Gather every line from the entries below that includes "aborted".

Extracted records
------------------------------------
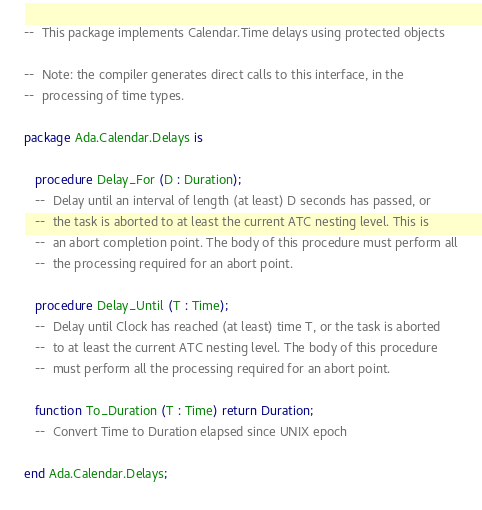Convert code to text. <code><loc_0><loc_0><loc_500><loc_500><_Ada_>--  This package implements Calendar.Time delays using protected objects

--  Note: the compiler generates direct calls to this interface, in the
--  processing of time types.

package Ada.Calendar.Delays is

   procedure Delay_For (D : Duration);
   --  Delay until an interval of length (at least) D seconds has passed, or
   --  the task is aborted to at least the current ATC nesting level. This is
   --  an abort completion point. The body of this procedure must perform all
   --  the processing required for an abort point.

   procedure Delay_Until (T : Time);
   --  Delay until Clock has reached (at least) time T, or the task is aborted
   --  to at least the current ATC nesting level. The body of this procedure
   --  must perform all the processing required for an abort point.

   function To_Duration (T : Time) return Duration;
   --  Convert Time to Duration elapsed since UNIX epoch

end Ada.Calendar.Delays;
</code> 
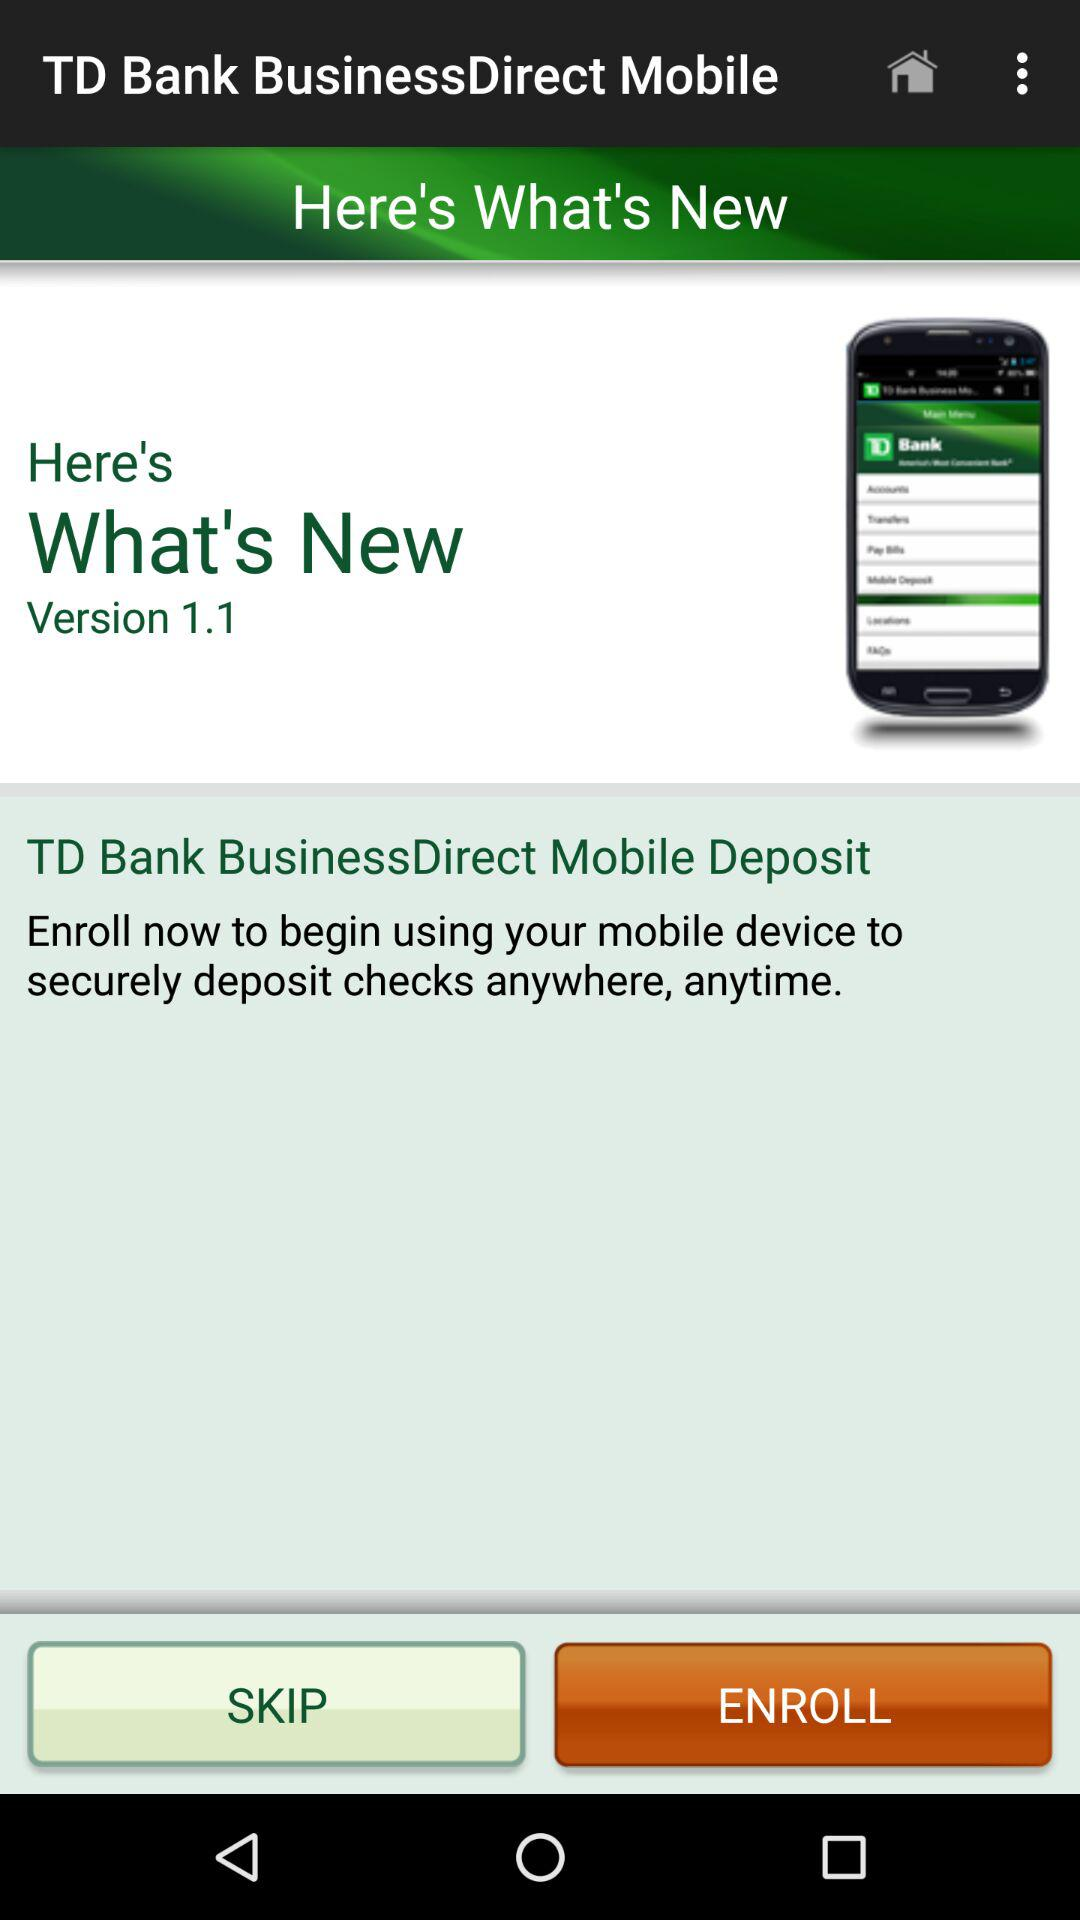What is the latest version of application being used? The latest version of the application being used is 1.1.
------------------------------------
Written reply:
   --  the task is aborted to at least the current ATC nesting level. This is
   --  Delay until Clock has reached (at least) time T, or the task is aborted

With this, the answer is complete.